RECORDS FOR THE TASK:
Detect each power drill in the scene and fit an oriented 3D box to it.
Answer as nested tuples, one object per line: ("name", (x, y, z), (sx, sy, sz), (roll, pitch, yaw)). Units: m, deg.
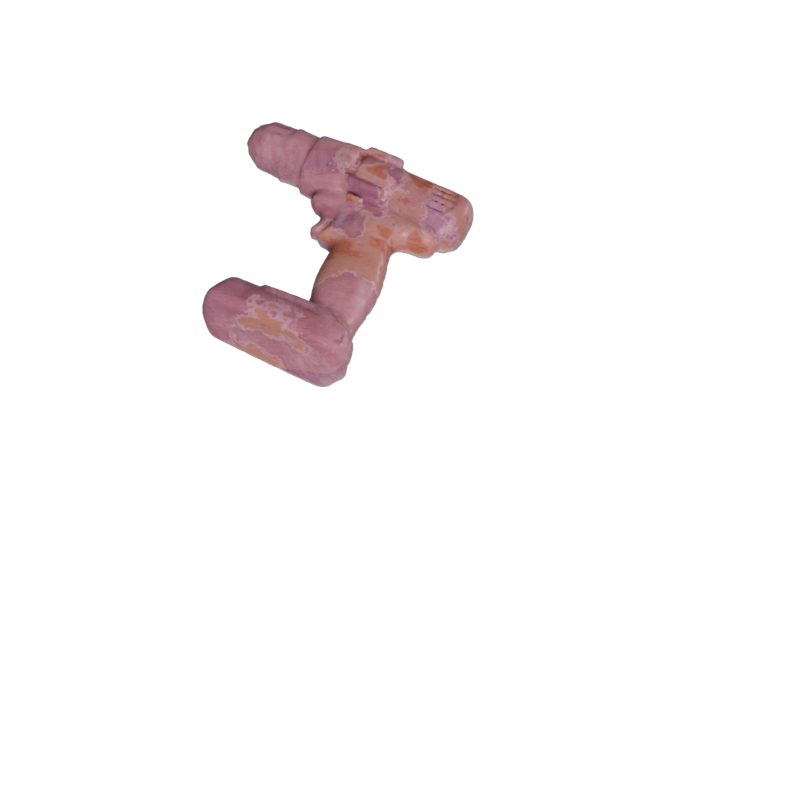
("power drill", (-0.062, -0.114, 0.797), (0.191, 0.194, 0.054), (23, -33, 15))
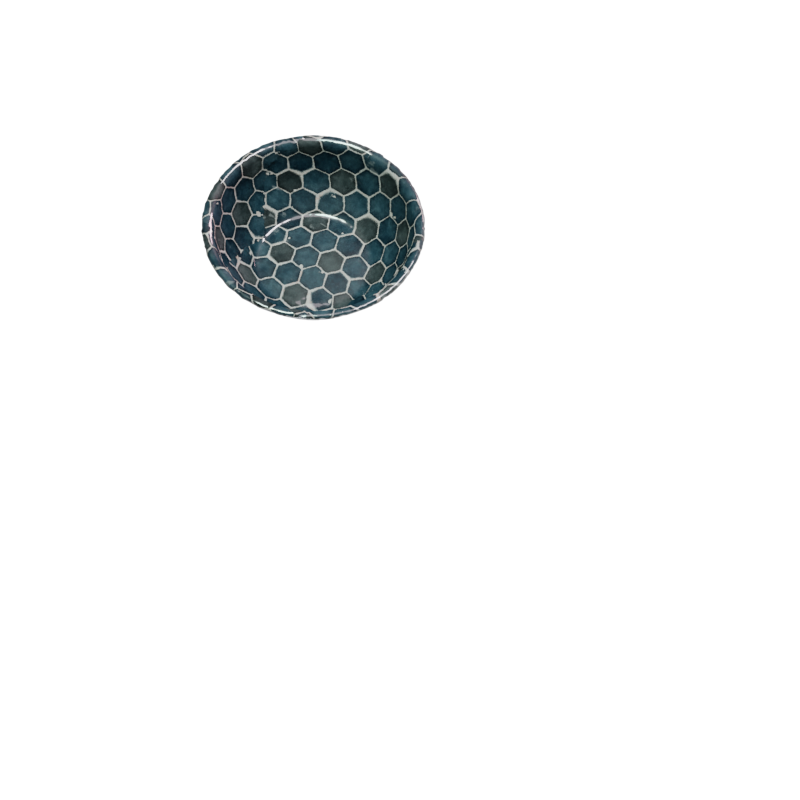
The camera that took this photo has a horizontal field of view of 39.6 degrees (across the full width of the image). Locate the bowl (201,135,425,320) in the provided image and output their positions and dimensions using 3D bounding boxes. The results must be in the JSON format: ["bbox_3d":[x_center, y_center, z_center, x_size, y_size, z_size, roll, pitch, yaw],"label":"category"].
[{"bbox_3d":[-0.064,-0.117,0.822,0.162,0.173,0.052,-1,-32,-1],"label":"bowl"}]

WORK INSTRUCTION: Take the line that contains "Answer as nested" and every line after it up to the end of the records above, and restate them exactly, without the pictures.

SOLUTION:
Answer as nested tuples, one object per line: ("name", (x, y, z), (sx, sy, sz), (roll, pitch, yaw)). Units: m, deg.
("power drill", (-0.062, -0.114, 0.797), (0.191, 0.194, 0.054), (23, -33, 15))
The camera that took this photo has a horizontal field of view of 39.6 degrees (across the full width of the image). Locate the bowl (201,135,425,320) in the provided image and output their positions and dimensions using 3D bounding boxes. The results must be in the JSON format: ["bbox_3d":[x_center, y_center, z_center, x_size, y_size, z_size, roll, pitch, yaw],"label":"category"].
[{"bbox_3d":[-0.064,-0.117,0.822,0.162,0.173,0.052,-1,-32,-1],"label":"bowl"}]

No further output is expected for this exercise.